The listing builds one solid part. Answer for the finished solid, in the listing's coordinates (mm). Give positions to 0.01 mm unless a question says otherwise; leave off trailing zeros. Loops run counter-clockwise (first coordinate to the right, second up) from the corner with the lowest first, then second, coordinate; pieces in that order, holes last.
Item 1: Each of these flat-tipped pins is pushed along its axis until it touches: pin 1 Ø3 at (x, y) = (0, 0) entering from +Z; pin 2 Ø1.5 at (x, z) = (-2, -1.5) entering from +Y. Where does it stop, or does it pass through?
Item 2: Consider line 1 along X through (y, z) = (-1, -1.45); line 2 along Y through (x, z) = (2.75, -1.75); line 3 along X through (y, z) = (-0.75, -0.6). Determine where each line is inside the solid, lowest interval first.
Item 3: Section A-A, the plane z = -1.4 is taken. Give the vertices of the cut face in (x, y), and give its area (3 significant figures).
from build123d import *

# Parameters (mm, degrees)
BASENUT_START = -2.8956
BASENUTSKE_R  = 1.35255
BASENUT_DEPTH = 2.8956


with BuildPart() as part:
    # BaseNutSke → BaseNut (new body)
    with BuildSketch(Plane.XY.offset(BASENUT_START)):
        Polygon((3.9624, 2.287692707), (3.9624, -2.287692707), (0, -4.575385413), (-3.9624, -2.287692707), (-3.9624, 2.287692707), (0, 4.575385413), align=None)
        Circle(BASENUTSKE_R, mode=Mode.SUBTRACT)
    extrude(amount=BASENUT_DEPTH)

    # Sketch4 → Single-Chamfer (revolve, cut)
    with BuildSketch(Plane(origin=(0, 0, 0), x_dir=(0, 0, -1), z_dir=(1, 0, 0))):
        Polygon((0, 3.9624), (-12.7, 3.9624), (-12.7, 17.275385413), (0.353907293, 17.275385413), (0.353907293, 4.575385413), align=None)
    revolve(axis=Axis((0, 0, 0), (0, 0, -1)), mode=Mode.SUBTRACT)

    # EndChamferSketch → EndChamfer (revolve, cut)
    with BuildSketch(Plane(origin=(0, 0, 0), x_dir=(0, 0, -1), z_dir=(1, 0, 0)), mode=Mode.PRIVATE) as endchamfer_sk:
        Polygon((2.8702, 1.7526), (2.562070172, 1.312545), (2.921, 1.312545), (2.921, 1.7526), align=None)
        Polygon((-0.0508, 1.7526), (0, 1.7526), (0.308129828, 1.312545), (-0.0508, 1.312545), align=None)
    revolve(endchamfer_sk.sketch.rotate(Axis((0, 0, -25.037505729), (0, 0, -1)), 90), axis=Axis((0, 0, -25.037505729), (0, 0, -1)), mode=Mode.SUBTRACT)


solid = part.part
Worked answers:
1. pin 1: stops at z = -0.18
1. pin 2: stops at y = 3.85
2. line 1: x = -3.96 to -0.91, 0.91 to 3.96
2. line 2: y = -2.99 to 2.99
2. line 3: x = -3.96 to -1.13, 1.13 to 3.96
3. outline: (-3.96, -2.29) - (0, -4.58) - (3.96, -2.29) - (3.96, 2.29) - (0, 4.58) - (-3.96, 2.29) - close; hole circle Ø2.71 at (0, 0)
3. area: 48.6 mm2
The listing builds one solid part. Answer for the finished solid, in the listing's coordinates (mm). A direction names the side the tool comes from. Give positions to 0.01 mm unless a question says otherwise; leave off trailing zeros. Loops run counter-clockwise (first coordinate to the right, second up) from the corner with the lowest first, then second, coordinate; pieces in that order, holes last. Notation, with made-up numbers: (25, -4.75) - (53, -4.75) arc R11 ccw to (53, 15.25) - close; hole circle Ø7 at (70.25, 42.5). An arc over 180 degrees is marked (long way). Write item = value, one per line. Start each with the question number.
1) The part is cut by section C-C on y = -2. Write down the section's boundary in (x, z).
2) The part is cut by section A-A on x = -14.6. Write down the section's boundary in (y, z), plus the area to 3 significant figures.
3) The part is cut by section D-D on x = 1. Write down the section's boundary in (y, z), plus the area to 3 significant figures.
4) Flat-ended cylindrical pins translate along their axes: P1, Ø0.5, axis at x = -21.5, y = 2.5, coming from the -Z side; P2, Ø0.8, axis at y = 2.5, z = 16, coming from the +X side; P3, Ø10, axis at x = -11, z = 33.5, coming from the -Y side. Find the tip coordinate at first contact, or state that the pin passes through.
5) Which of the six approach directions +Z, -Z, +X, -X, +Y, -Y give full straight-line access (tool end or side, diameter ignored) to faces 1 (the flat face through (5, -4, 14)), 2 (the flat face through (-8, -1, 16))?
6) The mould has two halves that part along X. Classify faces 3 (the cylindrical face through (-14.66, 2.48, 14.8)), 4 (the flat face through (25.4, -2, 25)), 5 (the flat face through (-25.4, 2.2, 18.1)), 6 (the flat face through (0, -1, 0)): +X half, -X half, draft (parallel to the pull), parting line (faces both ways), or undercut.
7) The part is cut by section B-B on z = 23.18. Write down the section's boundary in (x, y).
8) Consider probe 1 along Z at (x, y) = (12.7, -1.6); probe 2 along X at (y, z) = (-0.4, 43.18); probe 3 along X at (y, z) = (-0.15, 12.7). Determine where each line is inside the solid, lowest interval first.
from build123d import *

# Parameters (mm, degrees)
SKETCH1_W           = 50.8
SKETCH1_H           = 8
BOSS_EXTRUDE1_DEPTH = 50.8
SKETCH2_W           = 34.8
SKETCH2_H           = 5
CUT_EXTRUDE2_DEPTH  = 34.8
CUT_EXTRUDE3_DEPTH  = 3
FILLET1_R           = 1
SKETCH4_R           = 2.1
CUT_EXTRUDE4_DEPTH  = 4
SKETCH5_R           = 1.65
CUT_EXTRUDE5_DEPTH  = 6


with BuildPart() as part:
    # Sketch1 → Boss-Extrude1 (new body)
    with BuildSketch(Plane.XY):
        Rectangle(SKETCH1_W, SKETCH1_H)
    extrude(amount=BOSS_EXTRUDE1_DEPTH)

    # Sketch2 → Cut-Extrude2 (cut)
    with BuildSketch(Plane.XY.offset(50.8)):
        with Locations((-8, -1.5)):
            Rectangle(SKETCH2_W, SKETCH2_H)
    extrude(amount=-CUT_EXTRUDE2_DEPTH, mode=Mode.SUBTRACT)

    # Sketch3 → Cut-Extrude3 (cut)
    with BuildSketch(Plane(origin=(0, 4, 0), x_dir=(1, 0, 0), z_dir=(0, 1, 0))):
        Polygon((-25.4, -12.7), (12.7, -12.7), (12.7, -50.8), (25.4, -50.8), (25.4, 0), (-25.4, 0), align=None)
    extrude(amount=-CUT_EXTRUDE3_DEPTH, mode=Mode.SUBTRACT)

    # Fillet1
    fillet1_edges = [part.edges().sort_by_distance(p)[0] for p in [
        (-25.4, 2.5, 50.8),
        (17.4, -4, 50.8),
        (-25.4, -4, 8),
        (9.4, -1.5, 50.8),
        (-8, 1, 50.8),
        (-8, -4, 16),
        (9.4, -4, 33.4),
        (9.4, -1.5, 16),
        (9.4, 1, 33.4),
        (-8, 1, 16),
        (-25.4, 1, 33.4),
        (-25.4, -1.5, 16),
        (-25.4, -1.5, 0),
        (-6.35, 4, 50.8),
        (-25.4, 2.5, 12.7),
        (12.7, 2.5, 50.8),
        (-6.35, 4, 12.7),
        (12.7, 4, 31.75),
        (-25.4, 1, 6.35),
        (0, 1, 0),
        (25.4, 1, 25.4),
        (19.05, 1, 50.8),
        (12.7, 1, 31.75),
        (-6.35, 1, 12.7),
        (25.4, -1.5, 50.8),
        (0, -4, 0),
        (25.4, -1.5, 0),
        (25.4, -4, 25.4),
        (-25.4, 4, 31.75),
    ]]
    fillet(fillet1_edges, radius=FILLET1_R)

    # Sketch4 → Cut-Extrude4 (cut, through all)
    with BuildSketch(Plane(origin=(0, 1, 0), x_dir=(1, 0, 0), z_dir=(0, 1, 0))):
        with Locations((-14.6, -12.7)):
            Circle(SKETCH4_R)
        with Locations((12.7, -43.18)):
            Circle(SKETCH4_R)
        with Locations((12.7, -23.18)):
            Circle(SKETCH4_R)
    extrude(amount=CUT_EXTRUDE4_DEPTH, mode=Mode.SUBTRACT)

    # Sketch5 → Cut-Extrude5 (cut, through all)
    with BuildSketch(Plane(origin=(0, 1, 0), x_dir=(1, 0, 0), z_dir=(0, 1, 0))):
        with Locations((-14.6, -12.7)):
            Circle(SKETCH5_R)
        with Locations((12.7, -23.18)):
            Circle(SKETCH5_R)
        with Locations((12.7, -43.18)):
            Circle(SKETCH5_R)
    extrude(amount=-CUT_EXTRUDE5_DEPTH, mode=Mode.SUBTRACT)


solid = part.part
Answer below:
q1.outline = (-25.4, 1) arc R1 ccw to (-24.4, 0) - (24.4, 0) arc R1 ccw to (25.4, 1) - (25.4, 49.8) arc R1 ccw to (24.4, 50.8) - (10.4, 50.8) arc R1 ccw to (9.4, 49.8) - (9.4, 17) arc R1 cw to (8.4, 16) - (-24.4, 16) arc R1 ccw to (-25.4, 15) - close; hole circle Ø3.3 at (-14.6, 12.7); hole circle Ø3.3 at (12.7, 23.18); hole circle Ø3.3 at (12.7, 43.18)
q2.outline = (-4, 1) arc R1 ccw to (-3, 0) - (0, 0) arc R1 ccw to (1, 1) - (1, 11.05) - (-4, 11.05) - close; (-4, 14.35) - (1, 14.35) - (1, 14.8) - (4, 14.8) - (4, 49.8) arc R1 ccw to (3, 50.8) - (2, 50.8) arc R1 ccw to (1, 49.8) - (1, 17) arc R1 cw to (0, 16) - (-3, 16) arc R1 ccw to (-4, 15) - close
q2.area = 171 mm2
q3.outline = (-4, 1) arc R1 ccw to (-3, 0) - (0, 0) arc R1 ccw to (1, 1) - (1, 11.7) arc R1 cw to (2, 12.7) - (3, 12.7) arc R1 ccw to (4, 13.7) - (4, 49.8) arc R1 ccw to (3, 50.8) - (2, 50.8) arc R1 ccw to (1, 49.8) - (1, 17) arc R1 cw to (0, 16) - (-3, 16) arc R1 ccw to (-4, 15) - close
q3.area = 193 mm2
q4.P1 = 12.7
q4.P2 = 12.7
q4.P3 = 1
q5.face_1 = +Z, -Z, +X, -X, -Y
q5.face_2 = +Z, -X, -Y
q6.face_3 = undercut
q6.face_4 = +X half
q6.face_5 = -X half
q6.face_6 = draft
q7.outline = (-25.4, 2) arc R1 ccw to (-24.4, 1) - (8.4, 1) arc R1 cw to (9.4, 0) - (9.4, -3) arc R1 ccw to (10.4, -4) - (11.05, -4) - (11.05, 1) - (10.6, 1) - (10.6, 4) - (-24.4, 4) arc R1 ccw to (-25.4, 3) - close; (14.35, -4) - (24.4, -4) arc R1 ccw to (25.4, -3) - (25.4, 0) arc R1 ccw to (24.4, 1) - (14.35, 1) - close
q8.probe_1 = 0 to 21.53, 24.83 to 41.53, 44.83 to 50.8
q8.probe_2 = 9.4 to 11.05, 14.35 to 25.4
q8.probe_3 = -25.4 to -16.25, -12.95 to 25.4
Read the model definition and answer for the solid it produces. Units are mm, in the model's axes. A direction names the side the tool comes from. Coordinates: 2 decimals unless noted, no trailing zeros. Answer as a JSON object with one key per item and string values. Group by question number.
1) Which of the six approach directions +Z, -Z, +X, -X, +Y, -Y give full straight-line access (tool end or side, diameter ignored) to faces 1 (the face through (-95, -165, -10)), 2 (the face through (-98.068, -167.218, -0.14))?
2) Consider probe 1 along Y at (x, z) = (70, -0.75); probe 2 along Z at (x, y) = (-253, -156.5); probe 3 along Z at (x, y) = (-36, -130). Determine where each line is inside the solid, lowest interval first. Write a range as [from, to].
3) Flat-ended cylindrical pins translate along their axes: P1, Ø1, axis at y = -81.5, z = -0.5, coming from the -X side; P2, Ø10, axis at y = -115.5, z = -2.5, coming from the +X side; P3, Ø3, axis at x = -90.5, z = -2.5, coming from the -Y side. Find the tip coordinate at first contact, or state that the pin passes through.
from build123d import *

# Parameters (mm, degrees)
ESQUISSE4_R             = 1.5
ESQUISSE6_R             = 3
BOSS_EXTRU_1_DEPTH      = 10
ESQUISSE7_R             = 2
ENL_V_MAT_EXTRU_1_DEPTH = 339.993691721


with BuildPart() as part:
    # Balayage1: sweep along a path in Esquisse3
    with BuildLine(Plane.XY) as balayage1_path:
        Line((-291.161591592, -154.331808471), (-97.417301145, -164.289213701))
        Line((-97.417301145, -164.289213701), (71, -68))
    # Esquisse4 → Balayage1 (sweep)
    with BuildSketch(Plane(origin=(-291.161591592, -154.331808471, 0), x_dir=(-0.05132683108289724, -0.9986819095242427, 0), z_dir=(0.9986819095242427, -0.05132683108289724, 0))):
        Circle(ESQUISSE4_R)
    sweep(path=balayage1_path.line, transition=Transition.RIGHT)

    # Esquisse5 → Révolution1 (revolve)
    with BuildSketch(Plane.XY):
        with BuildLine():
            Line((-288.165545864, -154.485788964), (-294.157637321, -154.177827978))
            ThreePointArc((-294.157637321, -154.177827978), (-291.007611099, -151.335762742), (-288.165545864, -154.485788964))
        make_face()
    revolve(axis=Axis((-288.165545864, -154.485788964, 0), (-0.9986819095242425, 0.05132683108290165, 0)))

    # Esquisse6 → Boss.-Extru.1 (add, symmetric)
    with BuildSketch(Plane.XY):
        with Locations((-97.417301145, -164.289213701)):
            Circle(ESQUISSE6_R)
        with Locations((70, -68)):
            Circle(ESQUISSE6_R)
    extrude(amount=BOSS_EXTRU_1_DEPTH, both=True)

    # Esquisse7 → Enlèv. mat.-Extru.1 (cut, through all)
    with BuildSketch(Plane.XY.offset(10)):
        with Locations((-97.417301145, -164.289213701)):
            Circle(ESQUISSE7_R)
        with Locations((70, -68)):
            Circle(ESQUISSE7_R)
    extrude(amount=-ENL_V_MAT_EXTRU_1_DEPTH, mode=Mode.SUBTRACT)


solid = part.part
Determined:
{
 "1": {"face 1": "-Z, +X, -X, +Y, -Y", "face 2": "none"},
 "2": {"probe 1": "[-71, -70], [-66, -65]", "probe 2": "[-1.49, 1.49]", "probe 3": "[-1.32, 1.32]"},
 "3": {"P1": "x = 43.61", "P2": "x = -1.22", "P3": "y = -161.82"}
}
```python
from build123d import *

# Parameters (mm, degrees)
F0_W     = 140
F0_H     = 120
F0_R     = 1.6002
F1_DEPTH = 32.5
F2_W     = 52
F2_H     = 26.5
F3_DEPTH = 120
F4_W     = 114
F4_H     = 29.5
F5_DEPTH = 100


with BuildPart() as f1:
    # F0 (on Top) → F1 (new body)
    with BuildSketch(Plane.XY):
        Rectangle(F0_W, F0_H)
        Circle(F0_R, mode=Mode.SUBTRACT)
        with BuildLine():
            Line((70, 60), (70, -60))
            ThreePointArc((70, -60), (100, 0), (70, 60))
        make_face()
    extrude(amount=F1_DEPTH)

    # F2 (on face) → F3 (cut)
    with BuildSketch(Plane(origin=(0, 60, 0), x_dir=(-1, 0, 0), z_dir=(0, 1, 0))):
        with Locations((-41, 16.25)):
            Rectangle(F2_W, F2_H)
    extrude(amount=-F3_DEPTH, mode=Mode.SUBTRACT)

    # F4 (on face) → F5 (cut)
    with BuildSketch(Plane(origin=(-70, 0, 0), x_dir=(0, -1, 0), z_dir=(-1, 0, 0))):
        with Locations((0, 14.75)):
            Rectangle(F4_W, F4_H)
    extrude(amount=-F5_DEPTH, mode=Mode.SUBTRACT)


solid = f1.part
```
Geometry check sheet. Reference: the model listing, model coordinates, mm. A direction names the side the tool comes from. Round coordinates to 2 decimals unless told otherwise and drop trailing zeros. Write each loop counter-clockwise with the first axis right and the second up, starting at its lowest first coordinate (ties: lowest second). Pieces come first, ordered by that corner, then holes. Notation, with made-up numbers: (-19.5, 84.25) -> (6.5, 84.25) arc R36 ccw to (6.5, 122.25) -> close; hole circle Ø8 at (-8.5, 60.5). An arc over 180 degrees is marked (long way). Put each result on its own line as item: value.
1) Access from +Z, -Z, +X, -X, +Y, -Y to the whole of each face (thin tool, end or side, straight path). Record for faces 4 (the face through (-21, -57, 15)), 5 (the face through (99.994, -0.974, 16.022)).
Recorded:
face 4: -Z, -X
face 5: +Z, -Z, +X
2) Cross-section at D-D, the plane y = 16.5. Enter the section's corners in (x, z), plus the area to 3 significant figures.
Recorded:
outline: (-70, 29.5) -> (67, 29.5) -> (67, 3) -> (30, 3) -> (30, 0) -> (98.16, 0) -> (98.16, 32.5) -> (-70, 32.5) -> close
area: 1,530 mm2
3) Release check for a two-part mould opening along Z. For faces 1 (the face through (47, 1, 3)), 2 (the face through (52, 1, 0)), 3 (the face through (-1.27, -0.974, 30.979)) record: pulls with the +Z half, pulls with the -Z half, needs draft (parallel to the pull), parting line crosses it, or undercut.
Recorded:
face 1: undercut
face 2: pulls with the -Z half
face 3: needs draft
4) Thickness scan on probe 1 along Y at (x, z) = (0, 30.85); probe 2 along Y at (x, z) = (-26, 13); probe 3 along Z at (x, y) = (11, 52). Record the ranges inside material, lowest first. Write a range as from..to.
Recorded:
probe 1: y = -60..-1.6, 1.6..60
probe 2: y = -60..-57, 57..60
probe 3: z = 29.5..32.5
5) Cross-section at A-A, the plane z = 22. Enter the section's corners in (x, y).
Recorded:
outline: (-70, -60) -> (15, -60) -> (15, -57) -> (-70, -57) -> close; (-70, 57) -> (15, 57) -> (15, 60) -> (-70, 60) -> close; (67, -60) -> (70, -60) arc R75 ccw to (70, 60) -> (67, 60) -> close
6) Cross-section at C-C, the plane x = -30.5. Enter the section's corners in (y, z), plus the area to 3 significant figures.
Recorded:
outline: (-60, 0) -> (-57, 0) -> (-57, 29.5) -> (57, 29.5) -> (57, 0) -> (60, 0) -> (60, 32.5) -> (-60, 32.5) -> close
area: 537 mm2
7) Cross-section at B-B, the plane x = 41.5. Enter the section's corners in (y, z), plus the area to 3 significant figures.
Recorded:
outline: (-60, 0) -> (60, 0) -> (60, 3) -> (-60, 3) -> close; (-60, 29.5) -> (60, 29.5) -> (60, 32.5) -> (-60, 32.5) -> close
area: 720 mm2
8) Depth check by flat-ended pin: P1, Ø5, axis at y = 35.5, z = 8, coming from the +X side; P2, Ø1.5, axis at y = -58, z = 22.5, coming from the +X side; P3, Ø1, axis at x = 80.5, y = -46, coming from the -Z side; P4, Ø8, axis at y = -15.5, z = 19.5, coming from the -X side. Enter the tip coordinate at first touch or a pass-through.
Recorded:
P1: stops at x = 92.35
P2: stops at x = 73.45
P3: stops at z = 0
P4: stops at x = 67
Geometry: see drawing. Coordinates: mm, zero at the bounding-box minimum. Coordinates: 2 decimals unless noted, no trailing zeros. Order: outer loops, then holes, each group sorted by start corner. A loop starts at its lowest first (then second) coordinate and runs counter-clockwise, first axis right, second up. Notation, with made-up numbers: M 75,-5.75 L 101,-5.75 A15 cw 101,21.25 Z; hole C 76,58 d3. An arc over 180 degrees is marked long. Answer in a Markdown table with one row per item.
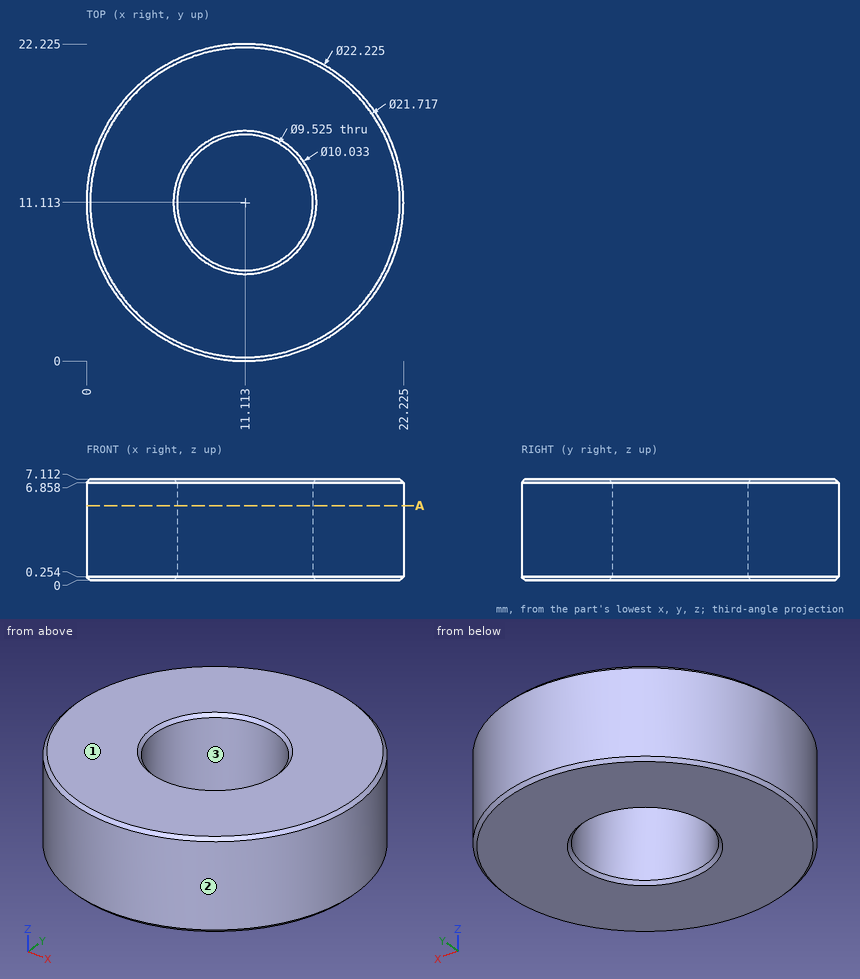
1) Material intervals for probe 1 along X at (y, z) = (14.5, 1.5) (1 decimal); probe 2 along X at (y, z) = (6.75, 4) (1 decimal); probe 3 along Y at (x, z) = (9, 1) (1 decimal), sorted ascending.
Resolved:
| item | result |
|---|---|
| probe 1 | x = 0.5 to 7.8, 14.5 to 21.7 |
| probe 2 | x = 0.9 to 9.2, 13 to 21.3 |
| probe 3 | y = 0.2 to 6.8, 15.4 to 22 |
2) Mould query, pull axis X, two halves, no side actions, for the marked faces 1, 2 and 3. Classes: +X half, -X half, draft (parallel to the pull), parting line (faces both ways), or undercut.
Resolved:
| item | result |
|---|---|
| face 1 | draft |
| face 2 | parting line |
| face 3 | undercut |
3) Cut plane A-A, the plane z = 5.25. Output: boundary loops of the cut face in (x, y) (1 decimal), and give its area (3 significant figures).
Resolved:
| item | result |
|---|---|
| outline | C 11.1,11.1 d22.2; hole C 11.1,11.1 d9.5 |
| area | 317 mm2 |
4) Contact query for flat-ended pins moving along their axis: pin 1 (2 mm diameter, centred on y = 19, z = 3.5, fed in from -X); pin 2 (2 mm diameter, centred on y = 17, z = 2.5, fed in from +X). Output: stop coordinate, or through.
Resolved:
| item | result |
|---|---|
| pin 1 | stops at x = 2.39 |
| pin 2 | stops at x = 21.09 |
========================
Would you count the lines in the data that contain "query" and answer with only the number?

*Your response*.
2